• _EXERCISE INSTRUCTIONS_: What you return must match the data below exactly, minus any pictures.

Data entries

++++++++++++++++++++

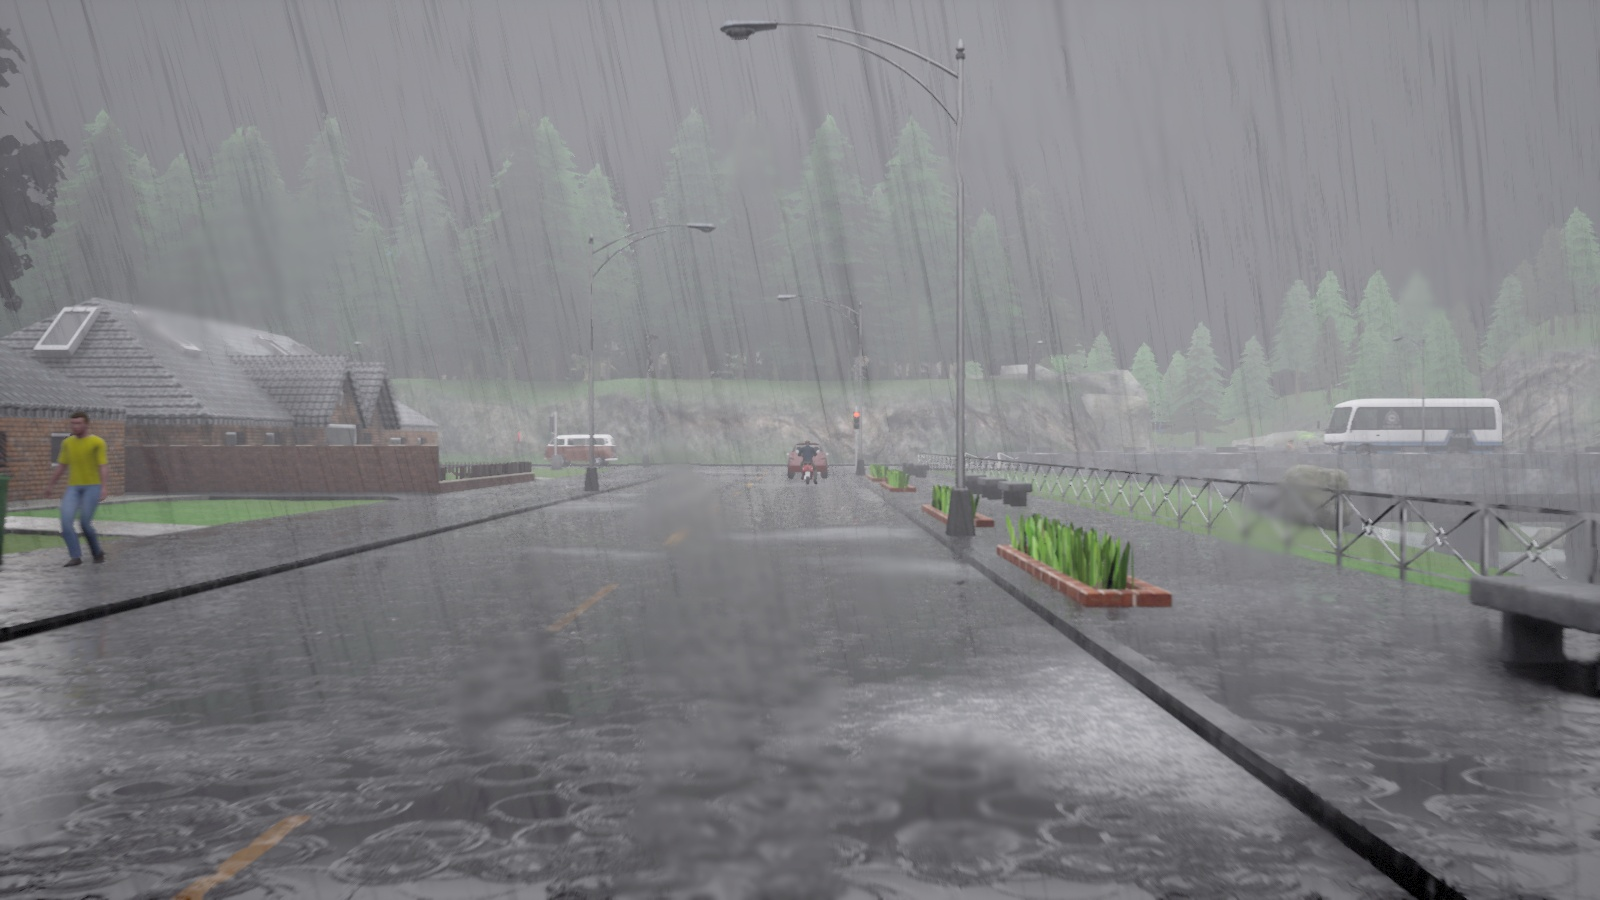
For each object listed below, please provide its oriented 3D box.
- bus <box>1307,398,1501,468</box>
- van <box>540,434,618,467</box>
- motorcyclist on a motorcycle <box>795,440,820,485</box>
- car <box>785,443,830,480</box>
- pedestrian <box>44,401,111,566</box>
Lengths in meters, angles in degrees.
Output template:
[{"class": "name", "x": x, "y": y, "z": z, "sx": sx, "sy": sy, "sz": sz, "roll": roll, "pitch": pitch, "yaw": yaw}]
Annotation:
[{"class": "bus", "x": 37.850, "y": -1.045, "z": 78.972, "sx": 10.273, "sy": 4.253, "sz": 3.944, "roll": 0, "pitch": 0, "yaw": 0}, {"class": "van", "x": -13.909, "y": 0.012, "z": 79.229, "sx": 4.480, "sy": 2.038, "sz": 2.069, "roll": 0, "pitch": 0, "yaw": 2}, {"class": "motorcyclist on a motorcycle", "x": 0.275, "y": 0.446, "z": 45.124, "sx": 0.866, "sy": 1.590, "sz": 1.817, "roll": 0, "pitch": 0, "yaw": 0}, {"class": "car", "x": 0.321, "y": 0.461, "z": 53.203, "sx": 1.845, "sy": 1.501, "sz": 3.633, "roll": 0, "pitch": 0, "yaw": 0}, {"class": "pedestrian", "x": -8.189, "y": 0.369, "z": 14.255, "sx": 0.354, "sy": 1.836, "sz": 0.706, "roll": 0, "pitch": 0, "yaw": -1}]

++++++++++++++++++++

• _ANSWER TO THIS PROBLEM_:
For each object listed below, please provide its oriented 3D box.
- bus <box>1307,398,1501,468</box>
- van <box>540,434,618,467</box>
- motorcyclist on a motorcycle <box>795,440,820,485</box>
- car <box>785,443,830,480</box>
- pedestrian <box>44,401,111,566</box>
Lengths in meters, angles in degrees.
Output template:
[{"class": "name", "x": x, "y": y, "z": z, "sx": sx, "sy": sy, "sz": sz, "roll": roll, "pitch": pitch, "yaw": yaw}]
Annotation:
[{"class": "bus", "x": 37.850, "y": -1.045, "z": 78.972, "sx": 10.273, "sy": 4.253, "sz": 3.944, "roll": 0, "pitch": 0, "yaw": 0}, {"class": "van", "x": -13.909, "y": 0.012, "z": 79.229, "sx": 4.480, "sy": 2.038, "sz": 2.069, "roll": 0, "pitch": 0, "yaw": 2}, {"class": "motorcyclist on a motorcycle", "x": 0.275, "y": 0.446, "z": 45.124, "sx": 0.866, "sy": 1.590, "sz": 1.817, "roll": 0, "pitch": 0, "yaw": 0}, {"class": "car", "x": 0.321, "y": 0.461, "z": 53.203, "sx": 1.845, "sy": 1.501, "sz": 3.633, "roll": 0, "pitch": 0, "yaw": 0}, {"class": "pedestrian", "x": -8.189, "y": 0.369, "z": 14.255, "sx": 0.354, "sy": 1.836, "sz": 0.706, "roll": 0, "pitch": 0, "yaw": -1}]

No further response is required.